### EXERCISE DETAILS
Everything from the line holding "Meters and whole" through the last line below must be repeated exactly, and nothing else.

### INPUT
━━━━━━━━

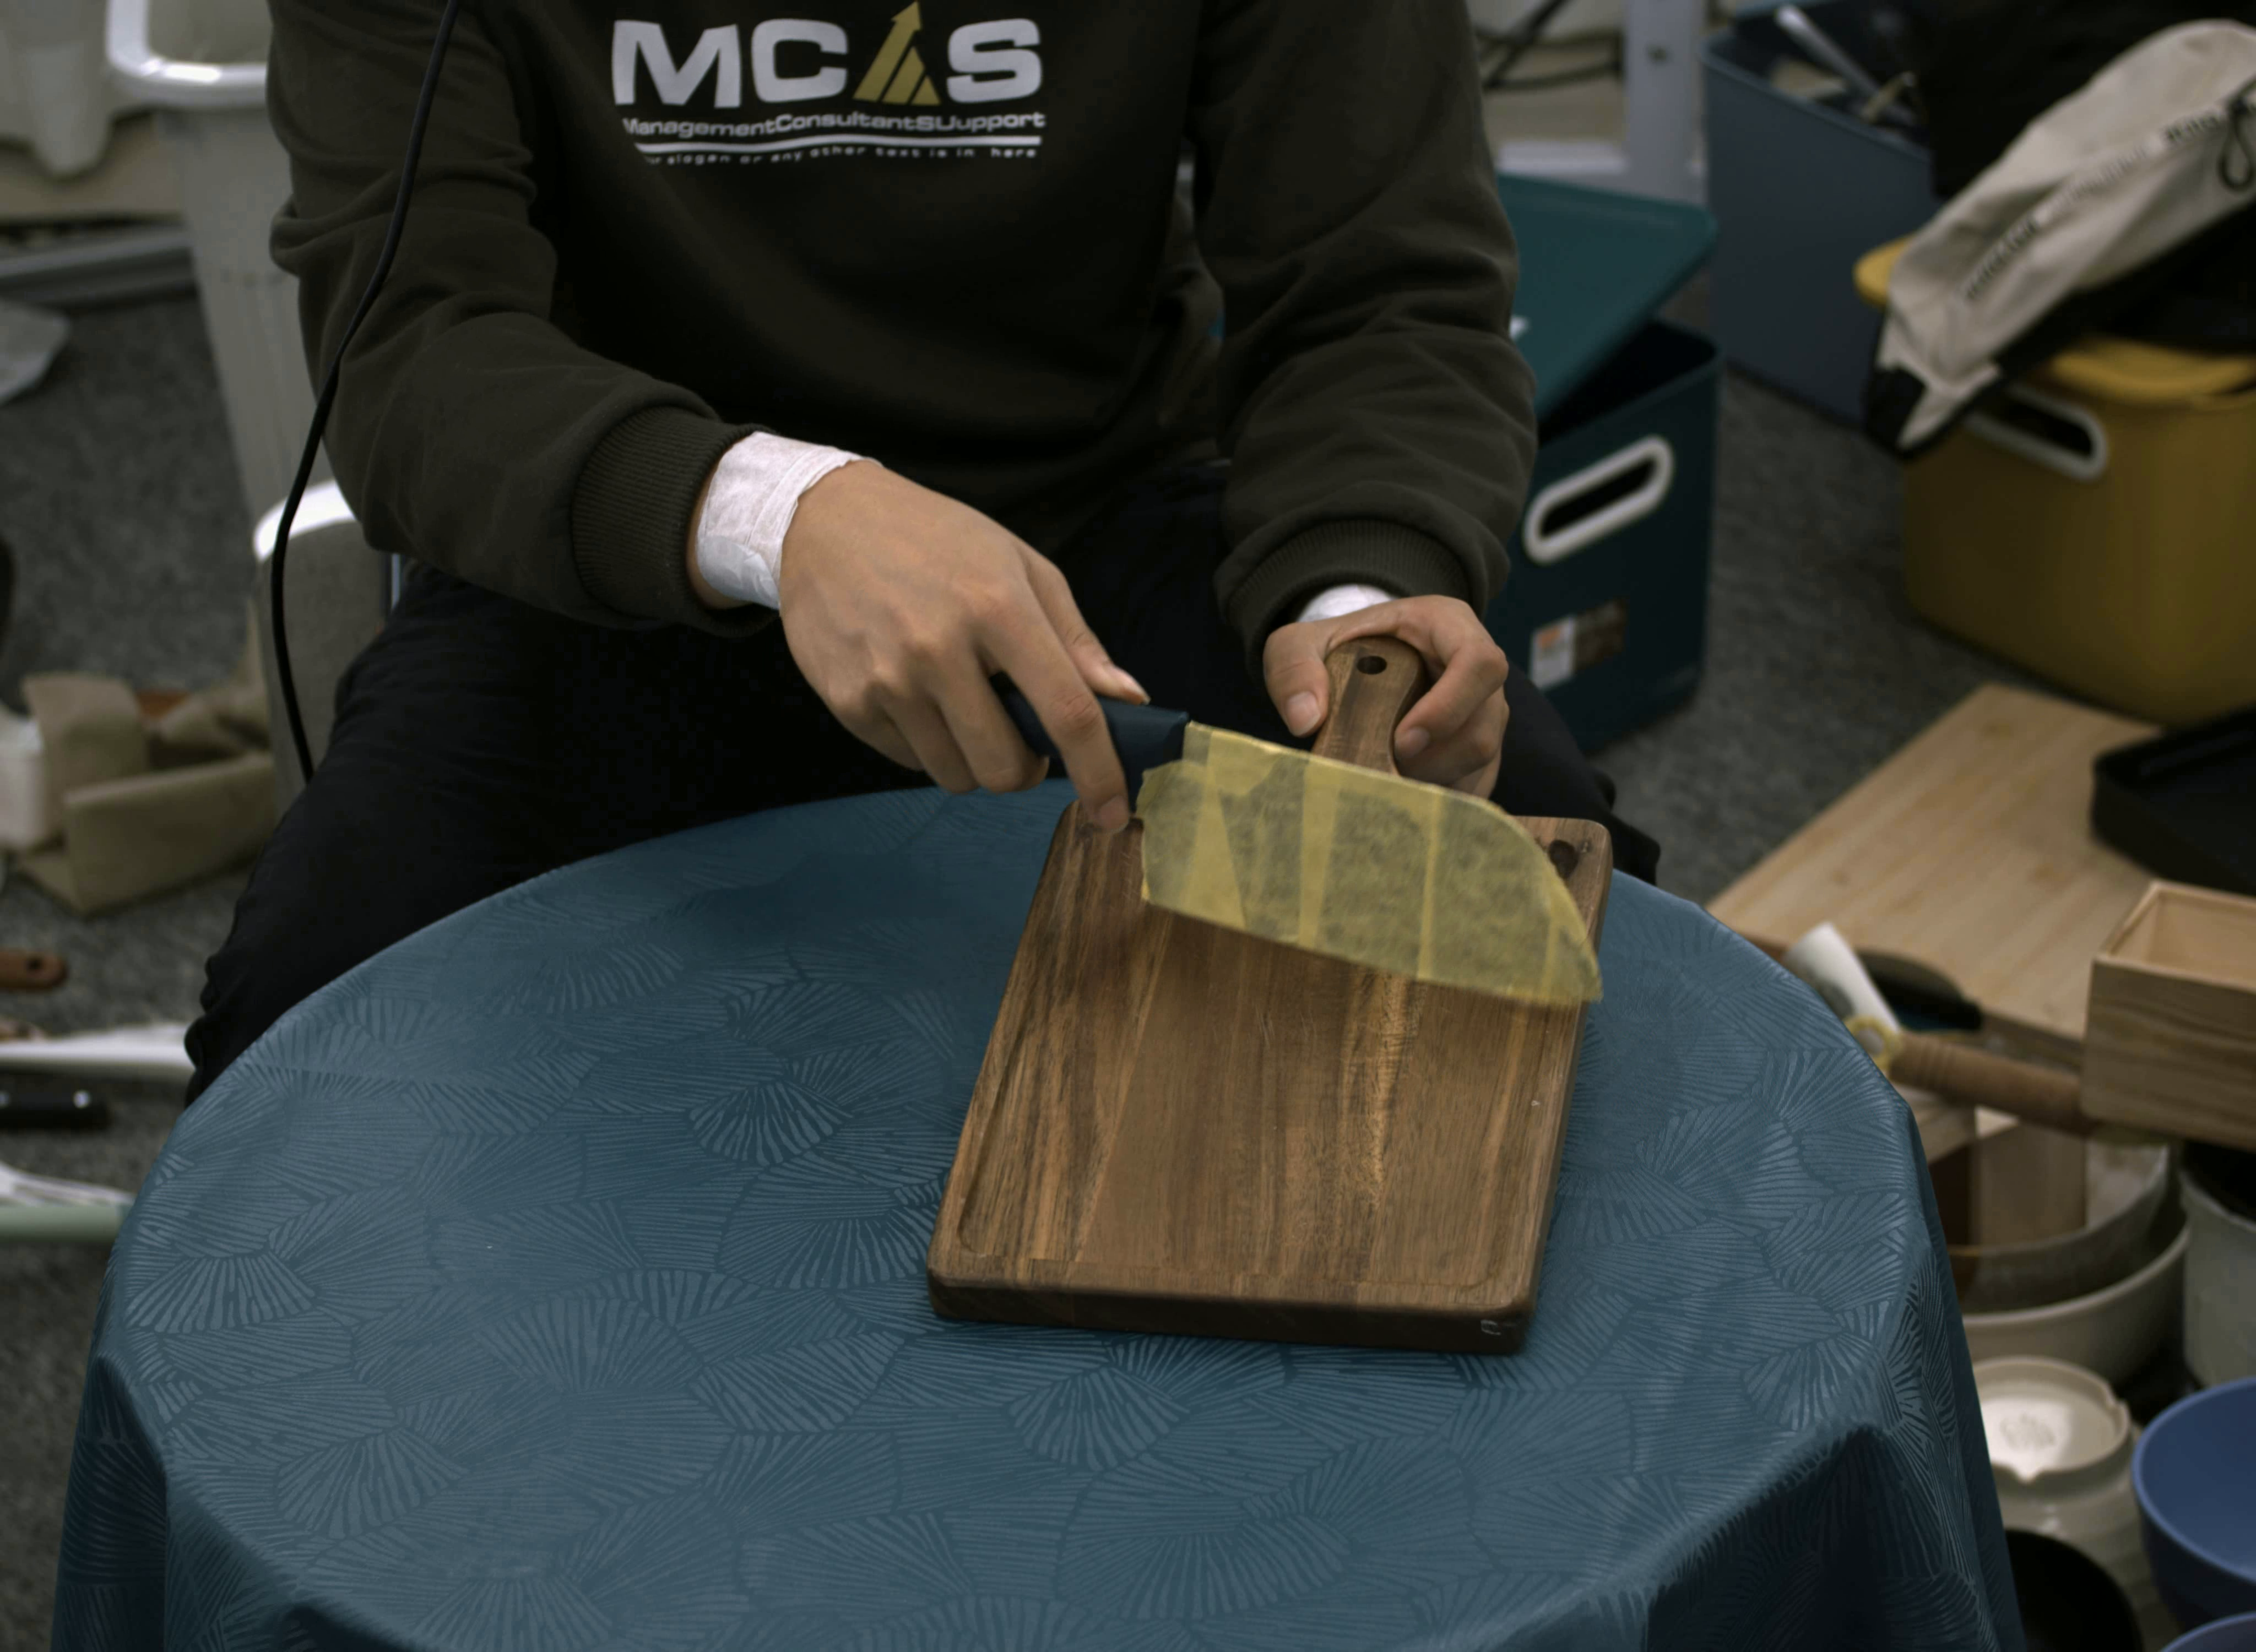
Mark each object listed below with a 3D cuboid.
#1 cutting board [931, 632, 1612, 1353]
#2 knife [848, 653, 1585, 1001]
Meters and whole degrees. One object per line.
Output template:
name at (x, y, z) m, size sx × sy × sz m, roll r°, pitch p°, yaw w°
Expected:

━━━━━━━━

### THE ANSWER
Meters and whole degrees. One object per line.
Output template:
name at (x, y, z) m, size sx × sy × sz m, roll r°, pitch p°, yaw w°
Expected:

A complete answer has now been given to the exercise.